GRAMS
Financiado
GRavity from Astrophysical to Microscopic Scales
General Relativity (GR) describes gravity on a huge range of scales, field strengths and velocities. However, despite its successes, GR has been showing its age. Cosmological data support the existence of a Dark Sector, but may al...
General Relativity (GR) describes gravity on a huge range of scales, field strengths and velocities. However, despite its successes, GR has been showing its age. Cosmological data support the existence of a Dark Sector, but may also be interpreted as a breakdown of our understanding of gravity. Also, GR is intrinsically incompatible with quantum field theory, and should be replaced, at high energies, by a (still unknown) quantum theory of gravity.
This deadlock may prelude to a paradigm change in our understanding of gravity, possibly triggered by the direct observations of neutron stars and black holes by gravitational-wave interferometers. The recent LIGO/Virgo observations, and in particular the coincident detection of electromagnetic and gravitational signals from neutron-star binaries, have already made a huge impact on our theoretical understanding of gravity, by severely constraining several extensions of GR.
GRAMS is a high-risk/high-gain project seeking to push the implications of these observations even further, by exploring whether the existing LIGO/Virgo data, and in particular their absence of non-perturbative deviations from GR, are consistent with gravitational theories built to reproduce the large-scale behaviour of the Universe (i.e. the existence of Dark Energy and/or Dark Matter), while at the same time passing local tests of gravity thanks to non-perturbative screening mechanisms.
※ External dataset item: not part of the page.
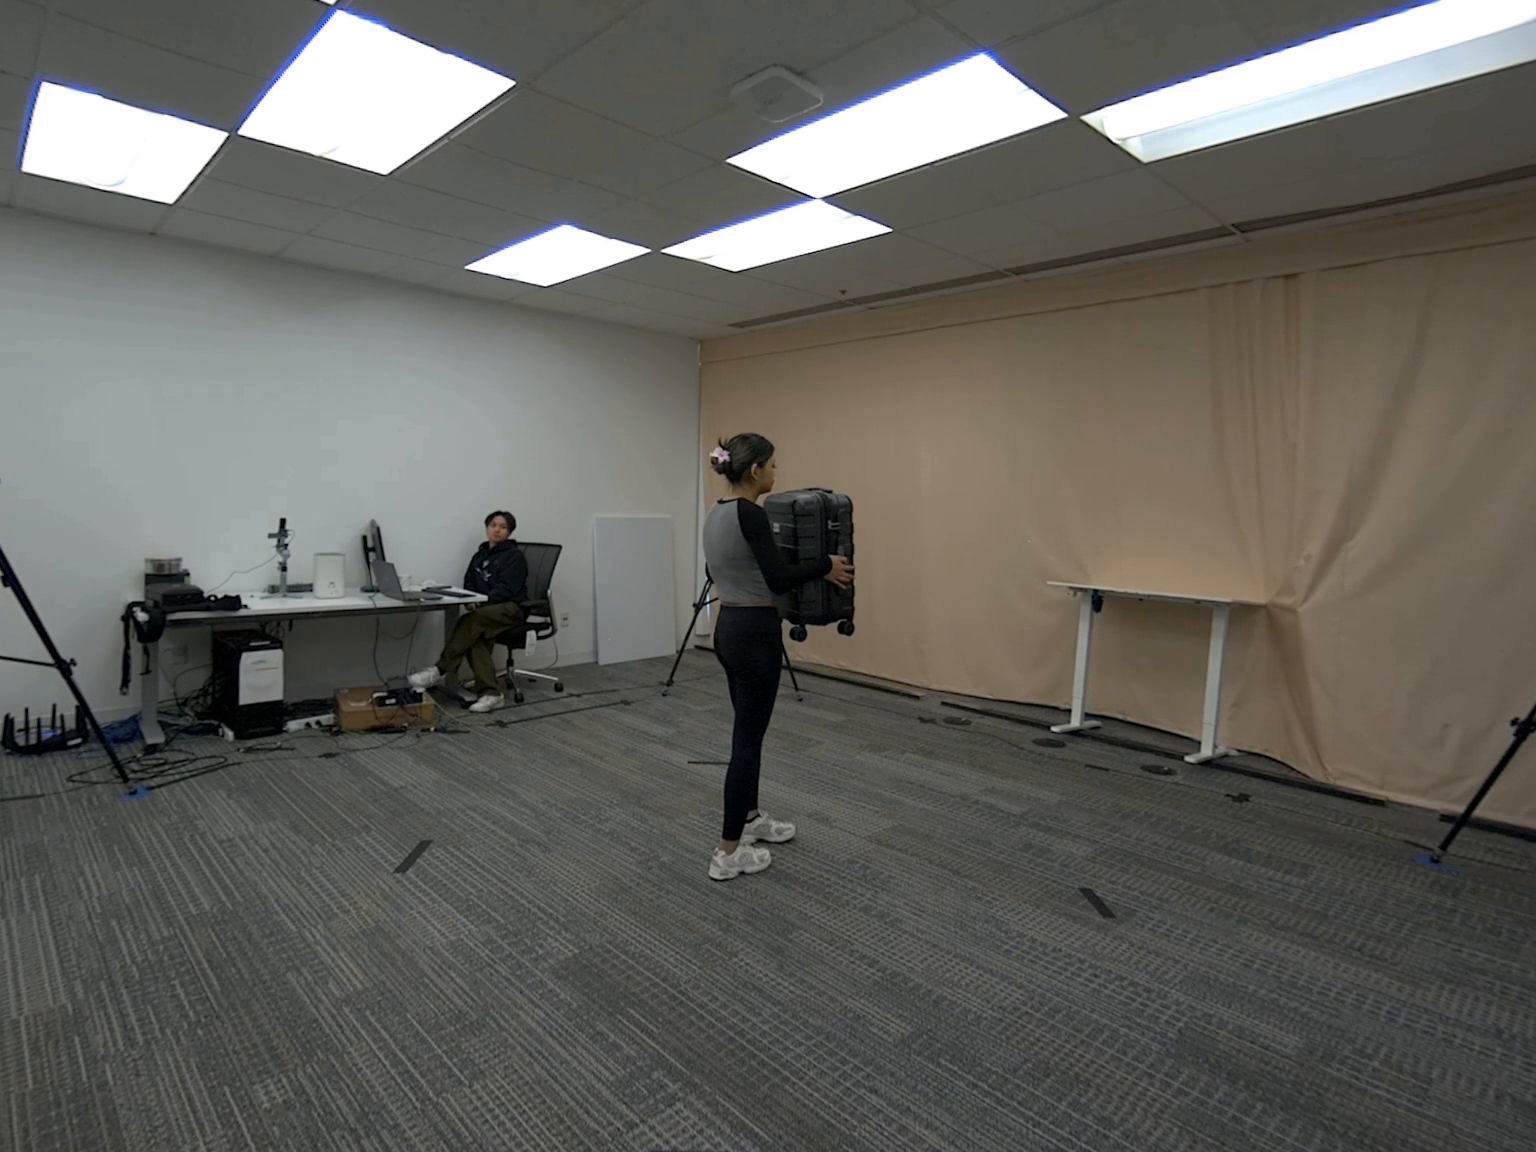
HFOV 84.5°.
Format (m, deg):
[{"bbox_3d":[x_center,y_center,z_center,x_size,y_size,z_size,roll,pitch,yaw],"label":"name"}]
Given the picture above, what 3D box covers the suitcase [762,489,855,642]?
[{"bbox_3d":[0.146,-0.064,3.270,0.244,0.546,0.384,-4,8,-25],"label":"suitcase"}]

I will prove that the very fact of screening local scales makes gravitational emission in these theories much more involved than in GR, and also intrinsically unlikely to yield results in agreement with existing (and future) gravitational-wave observations. This would be a huge step forward for our understanding of cosmology, as it would rule out a modified gravity origin for the Dark Sector. Even if this conjecture is incorrect, GRAMS will provide the first numerical-relativity simulations of compact binaries ever in gravitational theories of interest for cosmology.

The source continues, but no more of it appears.